(Items from a data source)

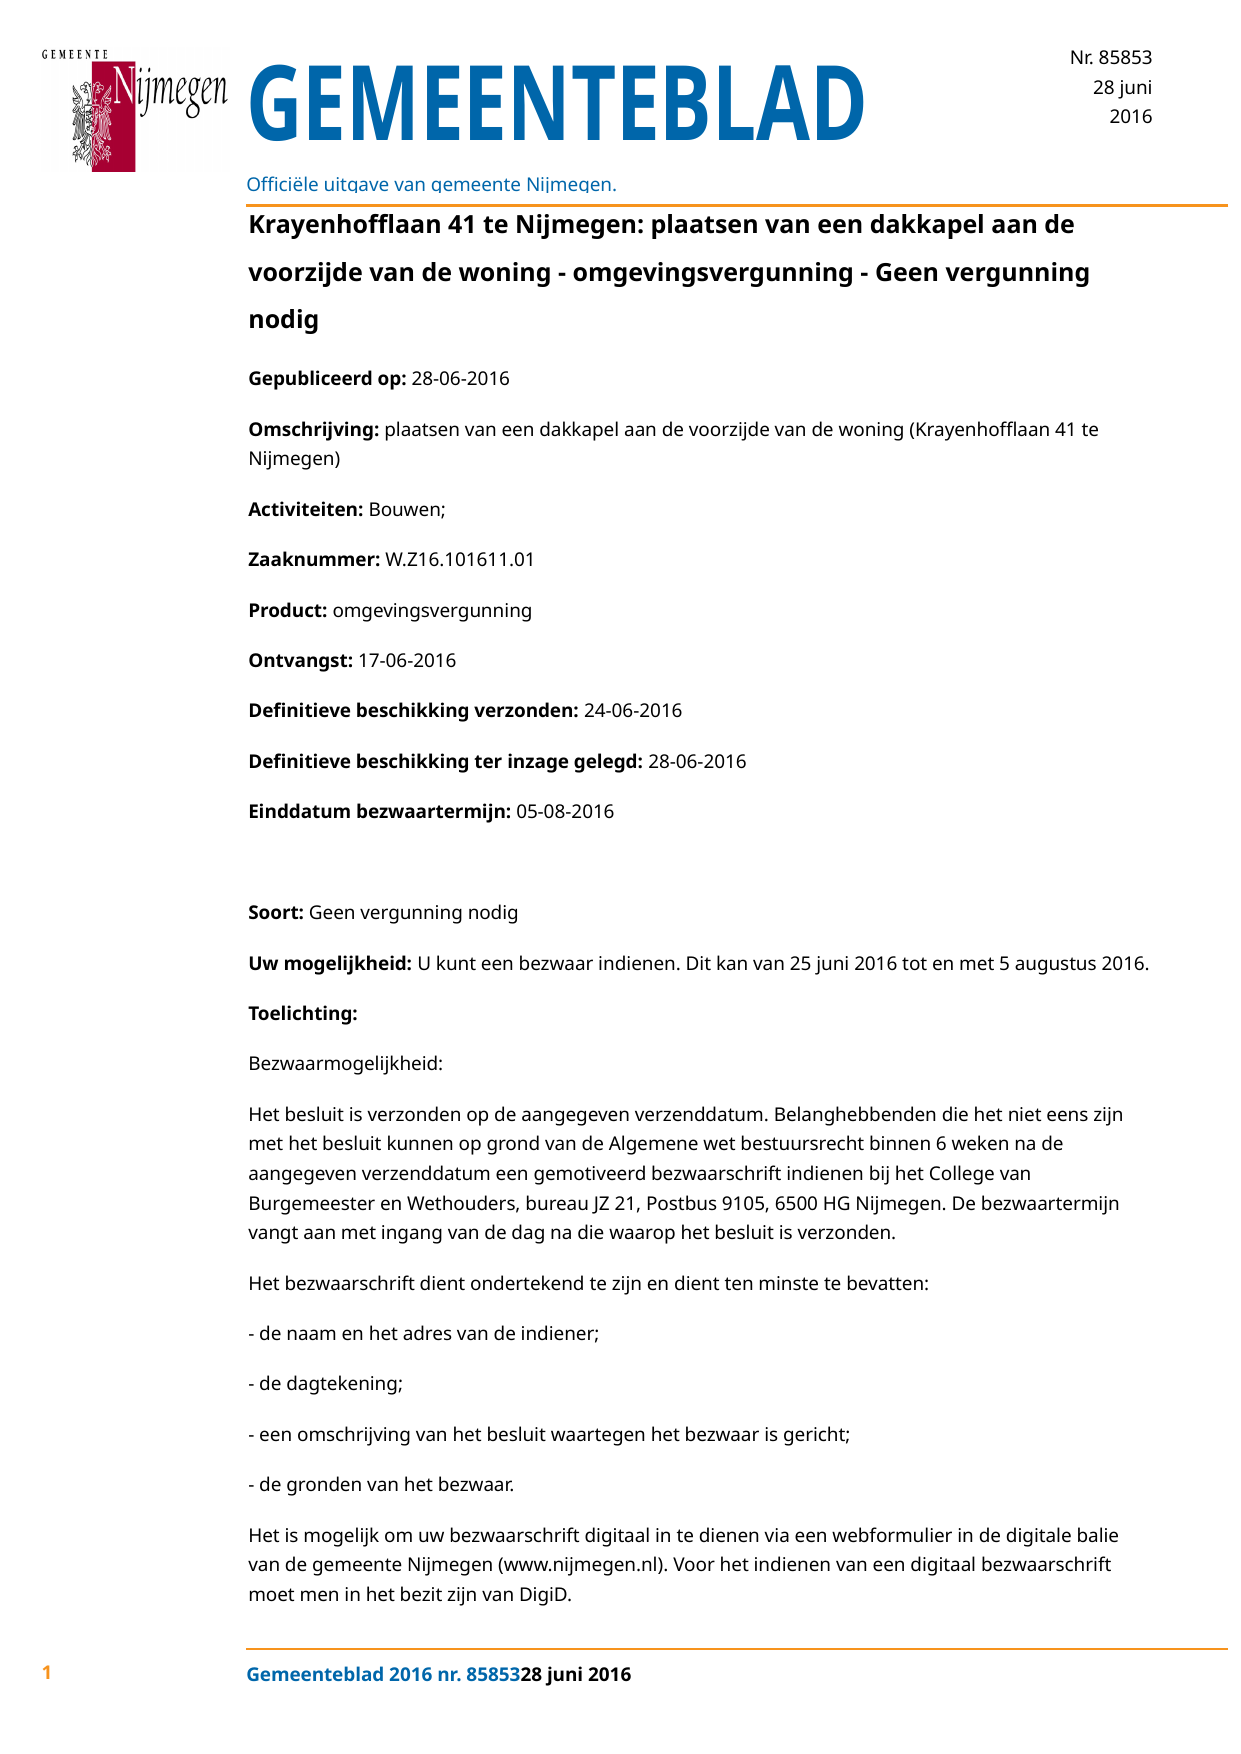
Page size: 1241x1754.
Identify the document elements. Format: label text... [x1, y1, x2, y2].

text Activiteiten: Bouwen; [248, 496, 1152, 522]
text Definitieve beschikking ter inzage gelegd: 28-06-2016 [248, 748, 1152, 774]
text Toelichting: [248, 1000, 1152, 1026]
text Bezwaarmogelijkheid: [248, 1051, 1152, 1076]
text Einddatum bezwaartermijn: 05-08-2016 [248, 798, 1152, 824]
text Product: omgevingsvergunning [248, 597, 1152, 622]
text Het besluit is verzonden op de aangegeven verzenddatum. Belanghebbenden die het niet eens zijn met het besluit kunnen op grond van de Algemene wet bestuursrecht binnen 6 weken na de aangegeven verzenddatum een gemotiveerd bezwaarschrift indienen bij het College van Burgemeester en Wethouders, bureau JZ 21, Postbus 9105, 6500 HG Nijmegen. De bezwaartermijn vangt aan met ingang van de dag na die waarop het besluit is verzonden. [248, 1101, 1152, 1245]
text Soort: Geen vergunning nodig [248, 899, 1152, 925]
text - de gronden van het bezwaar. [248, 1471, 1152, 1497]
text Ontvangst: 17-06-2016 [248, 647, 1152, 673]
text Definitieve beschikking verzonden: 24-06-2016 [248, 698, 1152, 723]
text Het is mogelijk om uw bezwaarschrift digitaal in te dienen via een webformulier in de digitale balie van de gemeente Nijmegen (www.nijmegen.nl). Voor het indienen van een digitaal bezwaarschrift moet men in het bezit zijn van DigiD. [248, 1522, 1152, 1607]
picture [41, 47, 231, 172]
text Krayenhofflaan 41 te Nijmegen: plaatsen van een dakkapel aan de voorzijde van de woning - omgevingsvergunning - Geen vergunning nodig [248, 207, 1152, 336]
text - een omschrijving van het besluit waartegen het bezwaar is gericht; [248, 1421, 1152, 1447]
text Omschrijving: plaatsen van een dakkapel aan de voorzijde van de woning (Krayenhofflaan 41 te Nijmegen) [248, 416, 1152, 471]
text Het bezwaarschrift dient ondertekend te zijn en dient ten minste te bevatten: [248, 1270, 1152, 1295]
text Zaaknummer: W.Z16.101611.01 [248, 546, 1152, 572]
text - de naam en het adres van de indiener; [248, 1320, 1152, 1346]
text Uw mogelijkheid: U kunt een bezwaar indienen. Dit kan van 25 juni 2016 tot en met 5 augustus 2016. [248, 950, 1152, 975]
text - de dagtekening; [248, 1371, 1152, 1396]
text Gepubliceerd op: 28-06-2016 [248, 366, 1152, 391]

What to produce >> Would you write out the data exactly, with no pictures in the copy?

Answer below >>
Page size: 1241x1754.
Identify the document elements. Format: label text... [x1, y1, x2, y2].

text Activiteiten: Bouwen; [248, 496, 1152, 522]
text Definitieve beschikking ter inzage gelegd: 28-06-2016 [248, 748, 1152, 774]
text Toelichting: [248, 1000, 1152, 1026]
text Bezwaarmogelijkheid: [248, 1051, 1152, 1076]
text Einddatum bezwaartermijn: 05-08-2016 [248, 798, 1152, 824]
text Product: omgevingsvergunning [248, 597, 1152, 622]
text Het besluit is verzonden op de aangegeven verzenddatum. Belanghebbenden die het niet eens zijn met het besluit kunnen op grond van de Algemene wet bestuursrecht binnen 6 weken na de aangegeven verzenddatum een gemotiveerd bezwaarschrift indienen bij het College van Burgemeester en Wethouders, bureau JZ 21, Postbus 9105, 6500 HG Nijmegen. De bezwaartermijn vangt aan met ingang van de dag na die waarop het besluit is verzonden. [248, 1101, 1152, 1245]
text Soort: Geen vergunning nodig [248, 899, 1152, 925]
text - de gronden van het bezwaar. [248, 1471, 1152, 1497]
text Ontvangst: 17-06-2016 [248, 647, 1152, 673]
text Definitieve beschikking verzonden: 24-06-2016 [248, 698, 1152, 723]
text Het is mogelijk om uw bezwaarschrift digitaal in te dienen via een webformulier in de digitale balie van de gemeente Nijmegen (www.nijmegen.nl). Voor het indienen van een digitaal bezwaarschrift moet men in het bezit zijn van DigiD. [248, 1522, 1152, 1607]
picture [41, 47, 231, 172]
text Krayenhofflaan 41 te Nijmegen: plaatsen van een dakkapel aan de voorzijde van de woning - omgevingsvergunning - Geen vergunning nodig [248, 207, 1152, 336]
text - een omschrijving van het besluit waartegen het bezwaar is gericht; [248, 1421, 1152, 1447]
text Omschrijving: plaatsen van een dakkapel aan de voorzijde van de woning (Krayenhofflaan 41 te Nijmegen) [248, 416, 1152, 471]
text Het bezwaarschrift dient ondertekend te zijn en dient ten minste te bevatten: [248, 1270, 1152, 1295]
text Zaaknummer: W.Z16.101611.01 [248, 546, 1152, 572]
text - de naam en het adres van de indiener; [248, 1320, 1152, 1346]
text Uw mogelijkheid: U kunt een bezwaar indienen. Dit kan van 25 juni 2016 tot en met 5 augustus 2016. [248, 950, 1152, 975]
text - de dagtekening; [248, 1371, 1152, 1396]
text Gepubliceerd op: 28-06-2016 [248, 366, 1152, 391]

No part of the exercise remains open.